__Task objective__:
After locating the line with "Convert formula to", set down that line and all the lines that follow it, unchanged, to the end of the records; omit the pictures.

(Beginning of Data records)

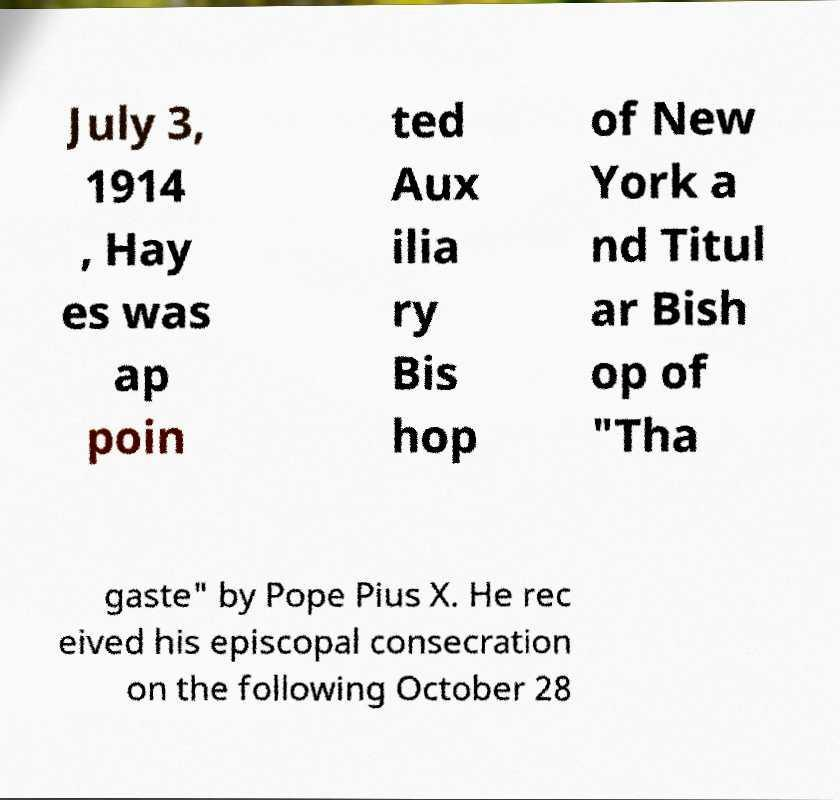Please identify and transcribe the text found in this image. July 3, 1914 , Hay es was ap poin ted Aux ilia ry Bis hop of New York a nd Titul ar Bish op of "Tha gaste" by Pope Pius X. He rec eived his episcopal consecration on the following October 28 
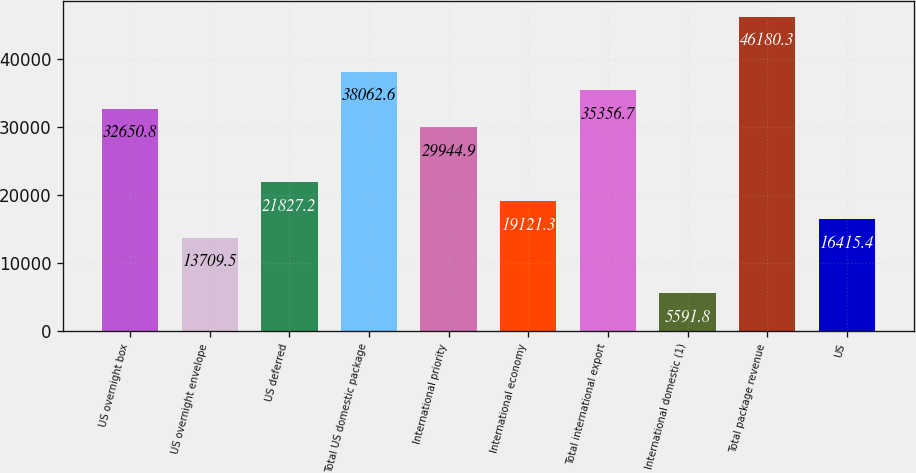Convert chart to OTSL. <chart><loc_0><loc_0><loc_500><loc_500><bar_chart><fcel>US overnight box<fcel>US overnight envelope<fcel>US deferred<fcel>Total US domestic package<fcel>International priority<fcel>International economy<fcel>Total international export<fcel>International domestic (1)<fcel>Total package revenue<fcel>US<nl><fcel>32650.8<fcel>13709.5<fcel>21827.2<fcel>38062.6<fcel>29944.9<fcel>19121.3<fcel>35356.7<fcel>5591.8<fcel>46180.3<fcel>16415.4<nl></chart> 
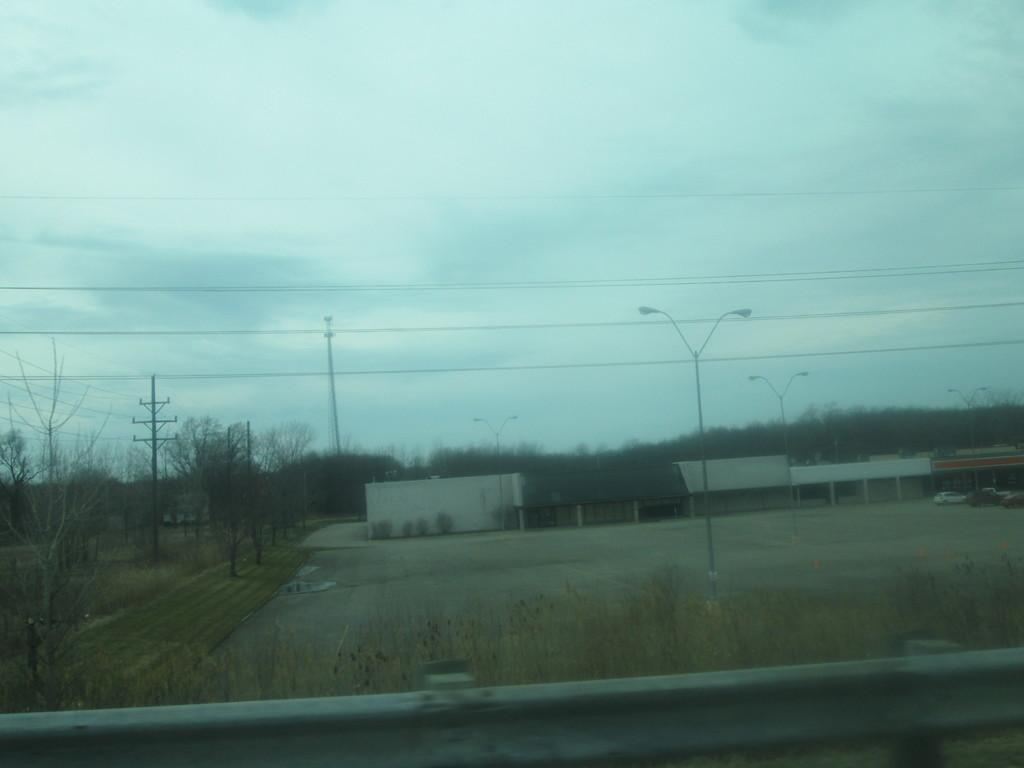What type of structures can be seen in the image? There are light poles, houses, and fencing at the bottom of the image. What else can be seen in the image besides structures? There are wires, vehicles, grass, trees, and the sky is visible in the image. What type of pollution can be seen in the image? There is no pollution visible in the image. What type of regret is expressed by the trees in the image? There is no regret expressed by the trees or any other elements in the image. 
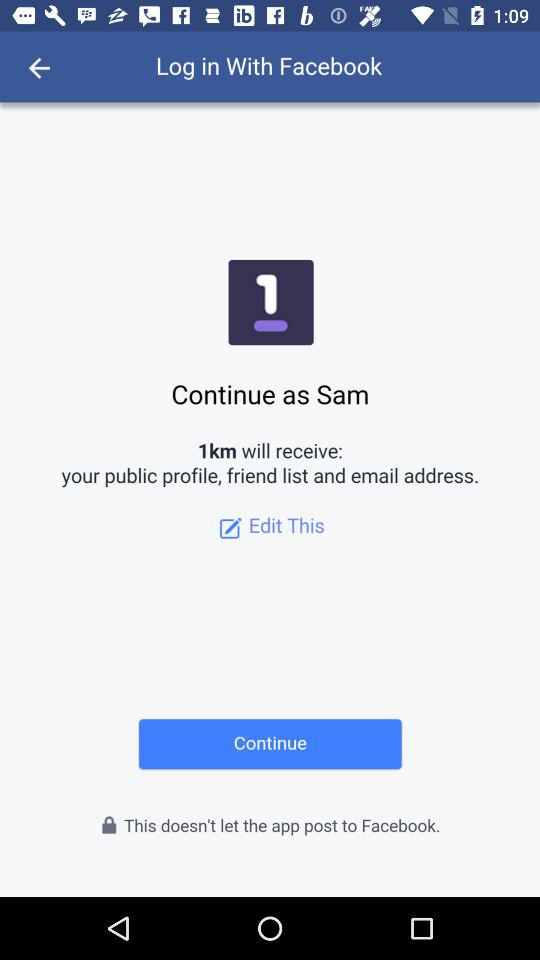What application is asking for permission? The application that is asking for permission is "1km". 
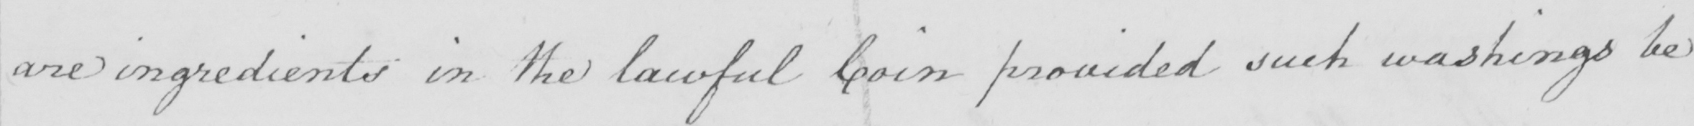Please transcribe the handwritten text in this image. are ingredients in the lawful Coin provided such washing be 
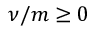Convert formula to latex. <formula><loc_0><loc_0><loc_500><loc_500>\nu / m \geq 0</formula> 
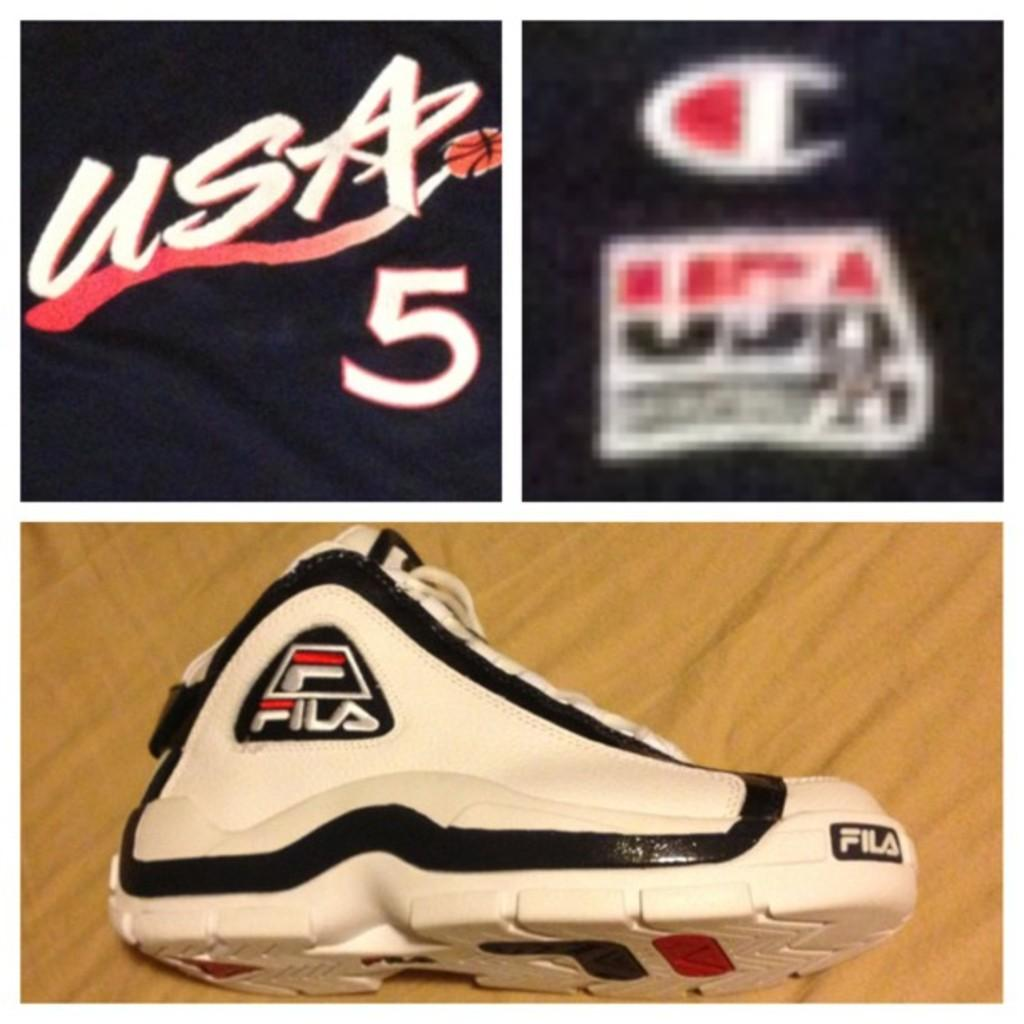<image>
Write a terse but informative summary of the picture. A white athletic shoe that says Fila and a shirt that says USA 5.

(End of Data records)

__Finished task__:
Convert formula to latex. <formula><loc_0><loc_0><loc_500><loc_500>\nu / m \geq 0</formula> 
<image>
Write a terse but informative summary of the picture. A white athletic shoe that says Fila and a shirt that says USA 5.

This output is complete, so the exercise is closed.